» **WORK REQUIRED**: Down to the last line, print the data that follows exactly, without its pictures.

» **RECORD EXCERPTS**:
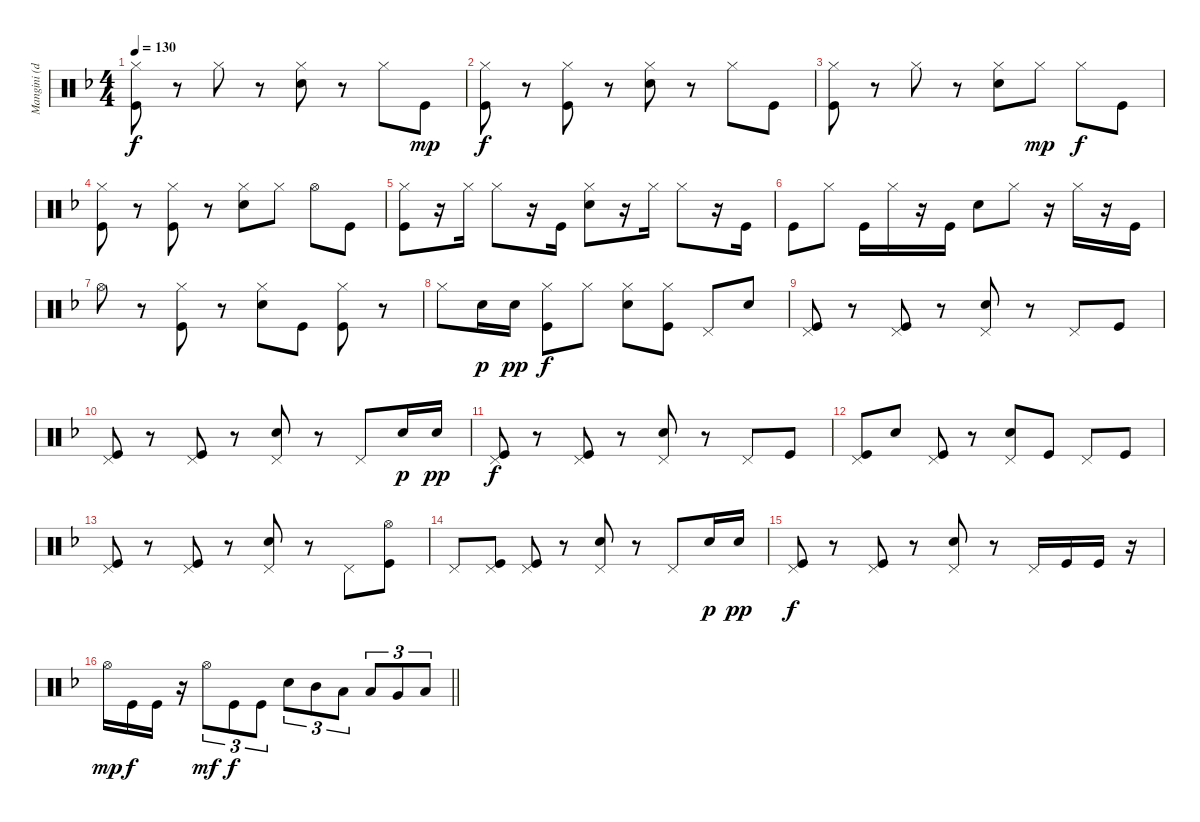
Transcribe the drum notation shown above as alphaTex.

\track ("Mangini (drums)" "Mangini (d") {instrument percussion}
\staff {score}
\articulation defaults
\ts (4 4)
\tempo 130
\clef neutral
\ks dminor
("Hi-Hat (closed)" "Kick (hit)").8{dy f} r.8 "Hi-Hat (closed)".8 r.8 ("Hi-Hat (closed)" "Snare (hit) 2").8 r.8 "Hi-Hat (closed)".8 "Kick (hit)".8{dy mp} |
("Hi-Hat (closed)" "Kick (hit)").8{dy f} r.8 ("Hi-Hat (closed)" "Kick (hit)").8 r.8 ("Hi-Hat (closed)" "Snare (hit) 2").8 r.8 "Hi-Hat (closed)".8 "Kick (hit)".8 |
("Hi-Hat (closed)" "Kick (hit)").8 r.8 "Hi-Hat (closed)".8 r.8 ("Hi-Hat (closed)" "Snare (hit) 2").8 "Hi-Hat (closed)".8{dy mp} "Hi-Hat (closed)".8{dy f} "Kick (hit)".8 |
("Hi-Hat (closed)" "Kick (hit)").8 r.8 ("Hi-Hat (closed)" "Kick (hit)").8 r.8 ("Hi-Hat (closed)" "Snare (hit) 2").8 "Hi-Hat (closed)".8 "Hi-Hat (open)".8 "Kick (hit)".8 |
("Hi-Hat (closed)" "Kick (hit)").8 r.16 "Hi-Hat (closed)".16 "Hi-Hat (closed)".8 r.16 "Kick (hit)".16 ("Hi-Hat (closed)" "Snare (hit) 2").8 r.16 "Hi-Hat (closed)".16 "Hi-Hat (closed)".8 r.16 "Kick (hit)".16 |
"Kick (hit)".8 "Hi-Hat (closed)".8 "Kick (hit)".16 "Hi-Hat (closed)".16 r.16 "Kick (hit)".16 "Snare (hit) 2".8 "Hi-Hat (closed)".8 r.16 "Hi-Hat (closed)".16 r.16 "Kick (hit)".16 |
"Hi-Hat (open)".8 r.8 ("Hi-Hat (closed)" "Kick (hit)").8 r.8 ("Hi-Hat (closed)" "Snare (hit) 2").8 "Kick (hit)".8 ("Hi-Hat (closed)" "Kick (hit)").8 r.8 |
"Hi-Hat (closed)".8 "Snare (hit) 2".16{dy p} "Snare (hit) 2".16{dy pp} ("Hi-Hat (closed)" "Kick (hit)").8{dy f} "Hi-Hat (closed)".8 ("Hi-Hat (closed)" "Snare (hit) 2").8 ("Hi-Hat (closed)" "Kick (hit)").8 "Pedal Hi-Hat (hit)".8 "Snare (hit) 2".8 |
("Pedal Hi-Hat (hit)" "Kick (hit)").8 r.8 ("Pedal Hi-Hat (hit)" "Kick (hit)").8 r.8 ("Pedal Hi-Hat (hit)" "Snare (hit) 2").8 r.8 "Pedal Hi-Hat (hit)".8 "Kick (hit)".8 |
("Pedal Hi-Hat (hit)" "Kick (hit)").8 r.8 ("Pedal Hi-Hat (hit)" "Kick (hit)").8 r.8 ("Pedal Hi-Hat (hit)" "Snare (hit) 2").8 r.8 "Pedal Hi-Hat (hit)".8 "Snare (hit) 2".16{dy p} "Snare (hit) 2".16{dy pp} |
("Pedal Hi-Hat (hit)" "Kick (hit)").8{dy f} r.8 ("Pedal Hi-Hat (hit)" "Kick (hit)").8 r.8 ("Pedal Hi-Hat (hit)" "Snare (hit) 2").8 r.8 "Pedal Hi-Hat (hit)".8 "Kick (hit)".8 |
("Pedal Hi-Hat (hit)" "Kick (hit)").8 "Snare (hit) 2".8 ("Pedal Hi-Hat (hit)" "Kick (hit)").8 r.8 ("Pedal Hi-Hat (hit)" "Snare (hit) 2").8 "Kick (hit)".8 "Pedal Hi-Hat (hit)".8 "Kick (hit)".8 |
("Pedal Hi-Hat (hit)" "Kick (hit)").8 r.8 ("Pedal Hi-Hat (hit)" "Kick (hit)").8 r.8 ("Pedal Hi-Hat (hit)" "Snare (hit) 2").8 r.8 "Pedal Hi-Hat (hit)".8 ("Hi-Hat (open)" "Kick (hit)").8 |
"Pedal Hi-Hat (hit)".8 ("Pedal Hi-Hat (hit)" "Kick (hit)").8 ("Pedal Hi-Hat (hit)" "Kick (hit)").8 r.8 ("Pedal Hi-Hat (hit)" "Snare (hit) 2").8 r.8 "Pedal Hi-Hat (hit)".8 "Snare (hit) 2".16{dy p} "Snare (hit) 2".16{dy pp} |
("Pedal Hi-Hat (hit)" "Kick (hit)").8{dy f} r.8 ("Pedal Hi-Hat (hit)" "Kick (hit)").8 r.8 ("Pedal Hi-Hat (hit)" "Snare (hit) 2").8 r.8 "Pedal Hi-Hat (hit)".16 "Kick (hit)".16 "Kick (hit)".16 r.16 |
\barLineRight lightlight "Hi-Hat (open)".16{dy mp} "Kick (hit)".16{dy f} "Kick (hit)".16
r.16 "Hi-Hat (open)".8{tu (3 2) dy mf} "Kick (hit)".8{tu (3 2) dy f} "Kick (hit)".8{tu (3 2)} "Snare (hit) 2".8{tu (3 2)} "Mid Tom (hit)".8{tu (3 2)} "Low Tom (hit)".8{tu (3 2)} "Low Tom (hit)".8{tu (3 2)} "Very Low Tom (hit)".8{tu (3 2)} "Low Floor Tom (hit)".8{tu (3 2)}

» **TASK OUTPUT**:
Transcribe the drum notation shown above as alphaTex.

\track ("Mangini (drums)" "Mangini (d") {instrument percussion}
\staff {score}
\articulation defaults
\ts (4 4)
\tempo 130
\clef neutral
\ks dminor
("Hi-Hat (closed)" "Kick (hit)").8{dy f} r.8 "Hi-Hat (closed)".8 r.8 ("Hi-Hat (closed)" "Snare (hit) 2").8 r.8 "Hi-Hat (closed)".8 "Kick (hit)".8{dy mp} |
("Hi-Hat (closed)" "Kick (hit)").8{dy f} r.8 ("Hi-Hat (closed)" "Kick (hit)").8 r.8 ("Hi-Hat (closed)" "Snare (hit) 2").8 r.8 "Hi-Hat (closed)".8 "Kick (hit)".8 |
("Hi-Hat (closed)" "Kick (hit)").8 r.8 "Hi-Hat (closed)".8 r.8 ("Hi-Hat (closed)" "Snare (hit) 2").8 "Hi-Hat (closed)".8{dy mp} "Hi-Hat (closed)".8{dy f} "Kick (hit)".8 |
("Hi-Hat (closed)" "Kick (hit)").8 r.8 ("Hi-Hat (closed)" "Kick (hit)").8 r.8 ("Hi-Hat (closed)" "Snare (hit) 2").8 "Hi-Hat (closed)".8 "Hi-Hat (open)".8 "Kick (hit)".8 |
("Hi-Hat (closed)" "Kick (hit)").8 r.16 "Hi-Hat (closed)".16 "Hi-Hat (closed)".8 r.16 "Kick (hit)".16 ("Hi-Hat (closed)" "Snare (hit) 2").8 r.16 "Hi-Hat (closed)".16 "Hi-Hat (closed)".8 r.16 "Kick (hit)".16 |
"Kick (hit)".8 "Hi-Hat (closed)".8 "Kick (hit)".16 "Hi-Hat (closed)".16 r.16 "Kick (hit)".16 "Snare (hit) 2".8 "Hi-Hat (closed)".8 r.16 "Hi-Hat (closed)".16 r.16 "Kick (hit)".16 |
"Hi-Hat (open)".8 r.8 ("Hi-Hat (closed)" "Kick (hit)").8 r.8 ("Hi-Hat (closed)" "Snare (hit) 2").8 "Kick (hit)".8 ("Hi-Hat (closed)" "Kick (hit)").8 r.8 |
"Hi-Hat (closed)".8 "Snare (hit) 2".16{dy p} "Snare (hit) 2".16{dy pp} ("Hi-Hat (closed)" "Kick (hit)").8{dy f} "Hi-Hat (closed)".8 ("Hi-Hat (closed)" "Snare (hit) 2").8 ("Hi-Hat (closed)" "Kick (hit)").8 "Pedal Hi-Hat (hit)".8 "Snare (hit) 2".8 |
("Pedal Hi-Hat (hit)" "Kick (hit)").8 r.8 ("Pedal Hi-Hat (hit)" "Kick (hit)").8 r.8 ("Pedal Hi-Hat (hit)" "Snare (hit) 2").8 r.8 "Pedal Hi-Hat (hit)".8 "Kick (hit)".8 |
("Pedal Hi-Hat (hit)" "Kick (hit)").8 r.8 ("Pedal Hi-Hat (hit)" "Kick (hit)").8 r.8 ("Pedal Hi-Hat (hit)" "Snare (hit) 2").8 r.8 "Pedal Hi-Hat (hit)".8 "Snare (hit) 2".16{dy p} "Snare (hit) 2".16{dy pp} |
("Pedal Hi-Hat (hit)" "Kick (hit)").8{dy f} r.8 ("Pedal Hi-Hat (hit)" "Kick (hit)").8 r.8 ("Pedal Hi-Hat (hit)" "Snare (hit) 2").8 r.8 "Pedal Hi-Hat (hit)".8 "Kick (hit)".8 |
("Pedal Hi-Hat (hit)" "Kick (hit)").8 "Snare (hit) 2".8 ("Pedal Hi-Hat (hit)" "Kick (hit)").8 r.8 ("Pedal Hi-Hat (hit)" "Snare (hit) 2").8 "Kick (hit)".8 "Pedal Hi-Hat (hit)".8 "Kick (hit)".8 |
("Pedal Hi-Hat (hit)" "Kick (hit)").8 r.8 ("Pedal Hi-Hat (hit)" "Kick (hit)").8 r.8 ("Pedal Hi-Hat (hit)" "Snare (hit) 2").8 r.8 "Pedal Hi-Hat (hit)".8 ("Hi-Hat (open)" "Kick (hit)").8 |
"Pedal Hi-Hat (hit)".8 ("Pedal Hi-Hat (hit)" "Kick (hit)").8 ("Pedal Hi-Hat (hit)" "Kick (hit)").8 r.8 ("Pedal Hi-Hat (hit)" "Snare (hit) 2").8 r.8 "Pedal Hi-Hat (hit)".8 "Snare (hit) 2".16{dy p} "Snare (hit) 2".16{dy pp} |
("Pedal Hi-Hat (hit)" "Kick (hit)").8{dy f} r.8 ("Pedal Hi-Hat (hit)" "Kick (hit)").8 r.8 ("Pedal Hi-Hat (hit)" "Snare (hit) 2").8 r.8 "Pedal Hi-Hat (hit)".16 "Kick (hit)".16 "Kick (hit)".16 r.16 |
\barLineRight lightlight "Hi-Hat (open)".16{dy mp} "Kick (hit)".16{dy f} "Kick (hit)".16
r.16 "Hi-Hat (open)".8{tu (3 2) dy mf} "Kick (hit)".8{tu (3 2) dy f} "Kick (hit)".8{tu (3 2)} "Snare (hit) 2".8{tu (3 2)} "Mid Tom (hit)".8{tu (3 2)} "Low Tom (hit)".8{tu (3 2)} "Low Tom (hit)".8{tu (3 2)} "Very Low Tom (hit)".8{tu (3 2)} "Low Floor Tom (hit)".8{tu (3 2)}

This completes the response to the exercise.